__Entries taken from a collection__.
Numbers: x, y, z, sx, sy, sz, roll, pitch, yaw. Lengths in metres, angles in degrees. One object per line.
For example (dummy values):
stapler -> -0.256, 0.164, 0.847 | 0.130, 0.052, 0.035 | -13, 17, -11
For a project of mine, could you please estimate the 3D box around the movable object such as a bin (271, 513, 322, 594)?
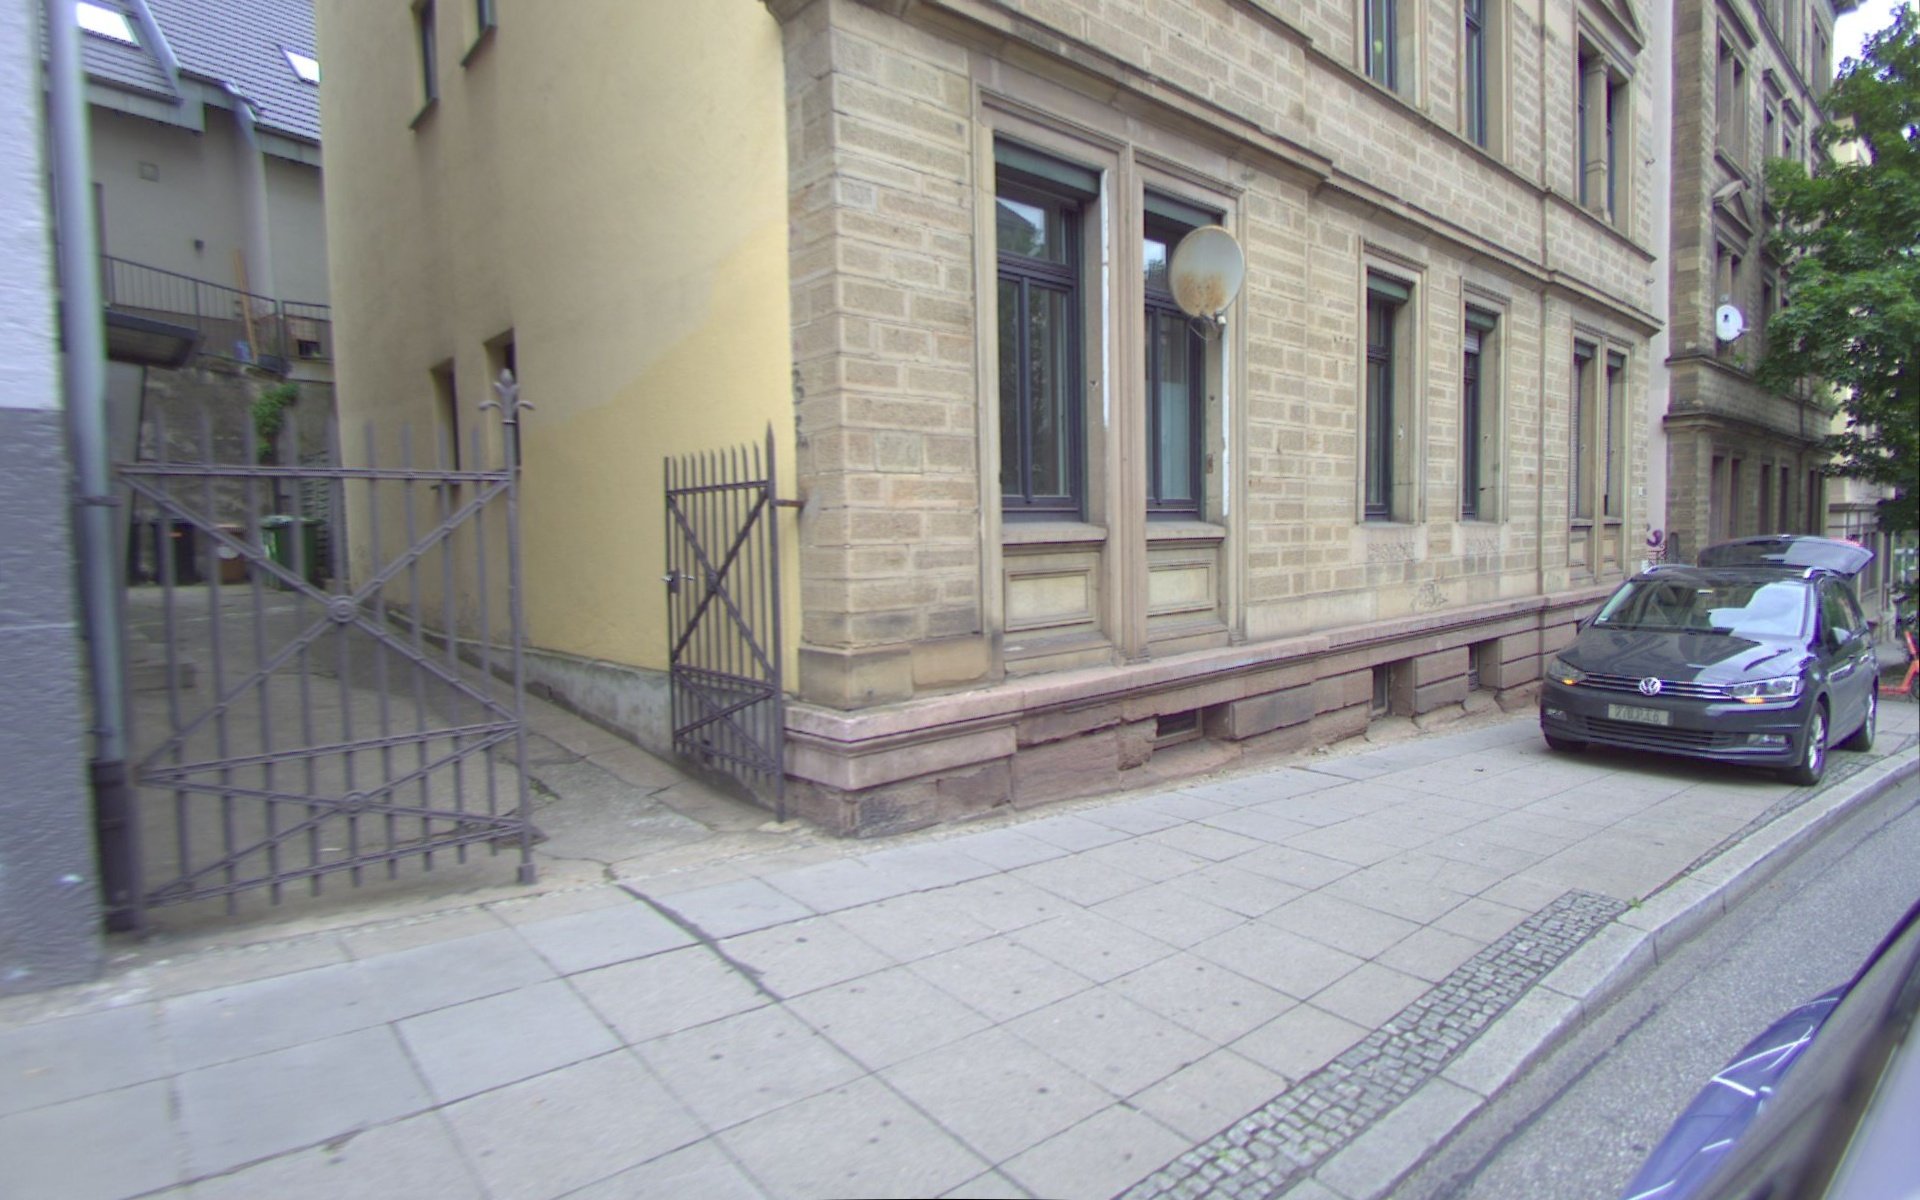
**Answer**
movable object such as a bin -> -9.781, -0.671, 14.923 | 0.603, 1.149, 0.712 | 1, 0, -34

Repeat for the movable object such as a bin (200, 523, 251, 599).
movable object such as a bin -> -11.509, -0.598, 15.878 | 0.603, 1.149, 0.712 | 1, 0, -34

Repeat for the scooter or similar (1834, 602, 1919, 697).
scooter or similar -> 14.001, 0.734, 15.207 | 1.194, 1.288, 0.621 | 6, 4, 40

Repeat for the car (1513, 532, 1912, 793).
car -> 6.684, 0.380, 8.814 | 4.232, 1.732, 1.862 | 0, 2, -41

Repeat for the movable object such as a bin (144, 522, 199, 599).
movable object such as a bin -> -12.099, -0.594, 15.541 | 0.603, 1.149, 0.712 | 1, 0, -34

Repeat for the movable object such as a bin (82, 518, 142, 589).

__YOUR INSTRUCTIONS__.
Give back every record above exactly as written, skipping each picture.

__COMPLETED TASK__.
Numbers: x, y, z, sx, sy, sz, roll, pitch, yaw. Lengths in metres, angles in degrees. One object per line.
For example (dummy values):
stapler -> -0.256, 0.164, 0.847 | 0.130, 0.052, 0.035 | -13, 17, -11
For a project of mine, could you please estimate the 3D box around the movable object such as a bin (271, 513, 322, 594)?
**Answer**
movable object such as a bin -> -9.781, -0.671, 14.923 | 0.603, 1.149, 0.712 | 1, 0, -34

Repeat for the movable object such as a bin (200, 523, 251, 599).
movable object such as a bin -> -11.509, -0.598, 15.878 | 0.603, 1.149, 0.712 | 1, 0, -34

Repeat for the scooter or similar (1834, 602, 1919, 697).
scooter or similar -> 14.001, 0.734, 15.207 | 1.194, 1.288, 0.621 | 6, 4, 40

Repeat for the car (1513, 532, 1912, 793).
car -> 6.684, 0.380, 8.814 | 4.232, 1.732, 1.862 | 0, 2, -41

Repeat for the movable object such as a bin (144, 522, 199, 599).
movable object such as a bin -> -12.099, -0.594, 15.541 | 0.603, 1.149, 0.712 | 1, 0, -34

Repeat for the movable object such as a bin (82, 518, 142, 589).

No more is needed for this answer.